Приход к власти Гитлера, безусловно, означал конец почти всего этого. Для европейских интеллектуалов его восхождение явилось не столько триумфом воли[143]
, сколько триумфом пошлости. Для гомосексуалиста Одена, который первоначально поехал в Берлин, я думаю, просто ради юношей, Третий Рейх предстал чем-то вроде насилия над этими молодыми людьми. Им суждено было стать солдатами и убивать, или быть убитыми. Иначе бы их посадили, подвергли остракизму и т. д. В некотором смысле, я думаю, он воспринял нацизм как что-то личное: как нечто совершенно враждебное чувственности, тонкости. Нет нужды говорить, что он был прав. Человек, верящий в причинно-следственные связи, он быстро понял, что для созревания зла должна быть удобрена почва. Его восприятие германских событий обострялось и осложнялось тем, что он знал по личному опыту: зло было причинено всем этим людям еще до появления нацистов. Я полагаю, он имел в виду Версальский мир и то, что юноши эти сами были детьми войны, претерпевшими все ее последствия: нищету, лишения, небрежение. И он знал их всех слишком хорошо, чтобы удивляться их гнусному поведению, будь то в мундире или без такового; он знал их достаточно хорошо, чтобы его не шокировало то «ответное зло», которое они причинят при подходящем стечении обстоятельств.Видите ли, школьники — самая опасная публика; и армия, и Polizeistaat[144]
повторяют структуру школы.
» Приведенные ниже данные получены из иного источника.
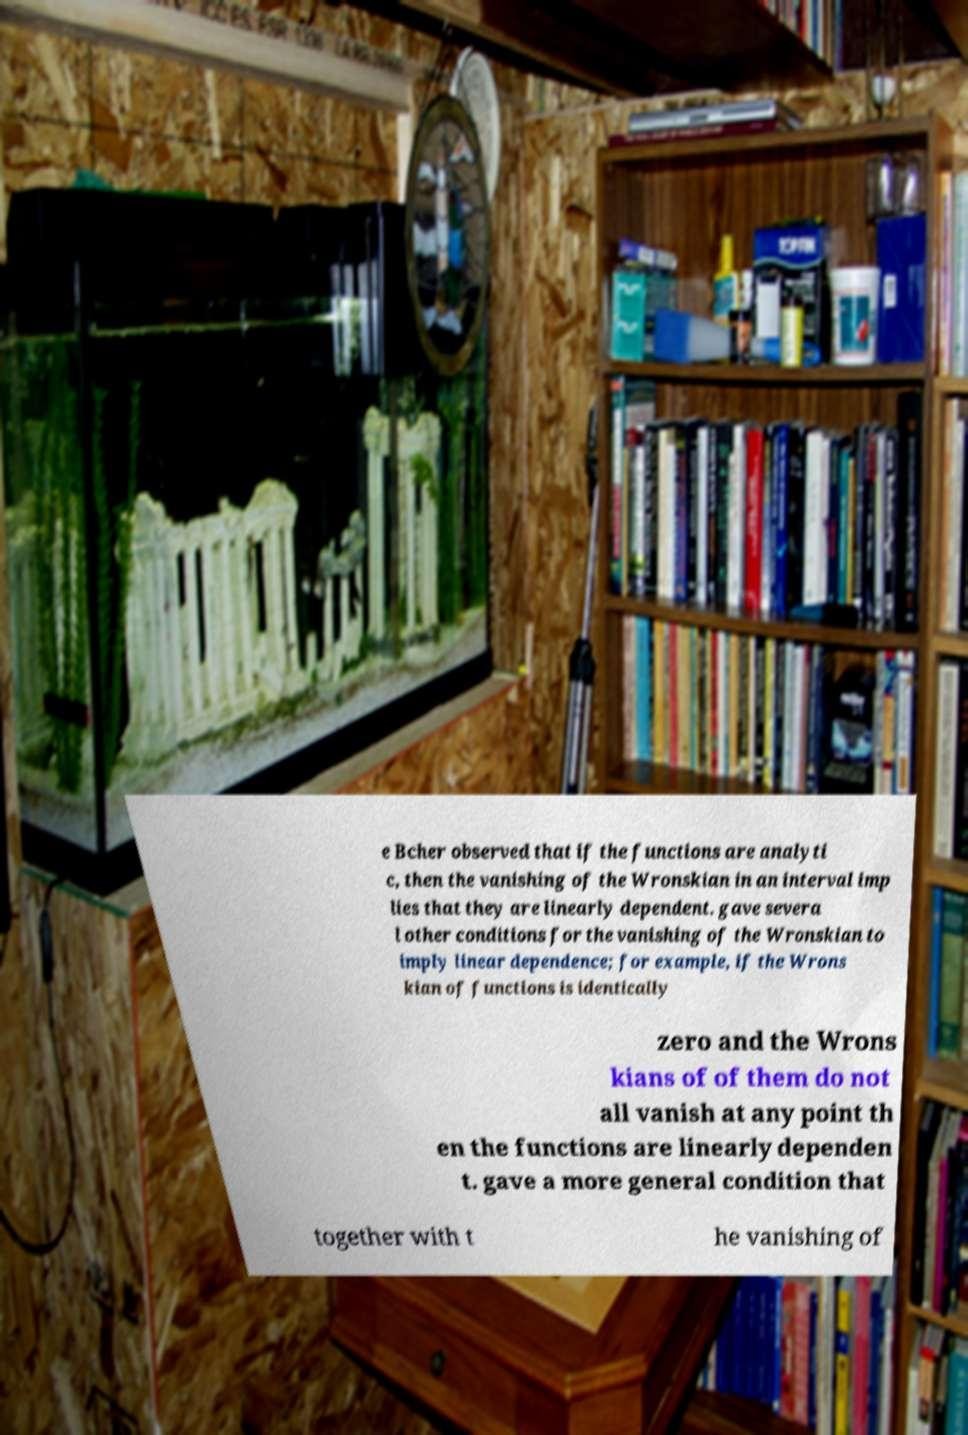Can you read and provide the text displayed in the image?This photo seems to have some interesting text. Can you extract and type it out for me? e Bcher observed that if the functions are analyti c, then the vanishing of the Wronskian in an interval imp lies that they are linearly dependent. gave severa l other conditions for the vanishing of the Wronskian to imply linear dependence; for example, if the Wrons kian of functions is identically zero and the Wrons kians of of them do not all vanish at any point th en the functions are linearly dependen t. gave a more general condition that together with t he vanishing of 
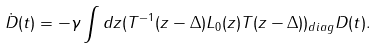Convert formula to latex. <formula><loc_0><loc_0><loc_500><loc_500>\dot { D } ( t ) = - \gamma \int d z ( T ^ { - 1 } ( z - \Delta ) L _ { 0 } ( z ) T ( z - \Delta ) ) _ { d i a g } D ( t ) .</formula>

Дело в том, что для этого поэта школа была не только «формирующим опытом». Она была единственной общественной структурой, через которую он прошел (как ученик и как учитель); поэтому она стала для него метафорой существования. Мальчишки остаются мальчишками; особенно если вы англичанин. Вот почему ему была понятна Германия; вот почему 1 сентября 1939 года ему не хотелось огульно осуждать немцев. Кроме того, каждый поэт сам немного фюрер: он хочет владеть умами, ибо он искушаем мыслью, что «ему лучше знать», а отсюда всего шаг до сознания, что ты и сам лучше. Осуждение подразумевает превосходство; отвергнув для себя такую возможность, Оден предпочитает скорбеть, а не судить.Эта сдержанность, зиждущаяся отчасти на оскорбленной чувственности, обнаруживает отчаявшегося моралиста, единственным средством самоконтроля для которого является трехстопный ямб; и трехстопник придает стиху спокойное достоинство. Поэт не выбирает размер, как раз наоборот, ибо размеры существовали раньше любого поэта. Они начинают гудеть в его голове — отчасти потому, что их использовал кто-то другой, только что им прочитанный; но главным образом потому, что они созвучны тем или иным состояниям его души (включая состояния этические) — или они дают возможность обуздать то или иное состояние.
Если вы чего-то стоите, вы пытаетесь преобразить их формально, скажем, играя со строфикой или смещая цезуру — или непредсказуемостью содержания: тем, что вы собираетесь втиснуть в знакомые строчки. Посредственный поэт рабски повторит размер, поэт получше попытается оживить его хотя бы легкой встряской. Возможно, в данном случае перо Одена привела в движение «Пасха 1916 года» У. Б. Йейтса, особенно из-за сходства тем. Но возможно также, что Оден только что перечел «В саду Прозерпины» Суинберна: мотивчик может нравиться независимо от слов, и на великих влияют не обязательно им равные. Как бы то ни было, если Йейтс пользовался этим размером для выражения своих чувств, Оден теми же средствами стремится сдержать их. Но это не вопрос иерархии в поэзии, просто этот размер способен и на то и на другое. И еще на многое. Практически на все.
Но вернемся к нашим трудам. Почему, как вы думаете, третья строфа начинается так:
Дело в том, что строфа есть самовоспроизводящееся устройство: конец одной предвещает необходимость другой. Необходимость эта прежде всего чисто акустическая и лишь затем дидактическая (хотя разводить их не следует, особенно ради анализа). Опасность заключается в том, что заданная музыка повторяющегося рисунка строфы стремится подмять или даже продиктовать содержание. И бороться с диктатом мотивчика для поэта чрезвычайно трудно.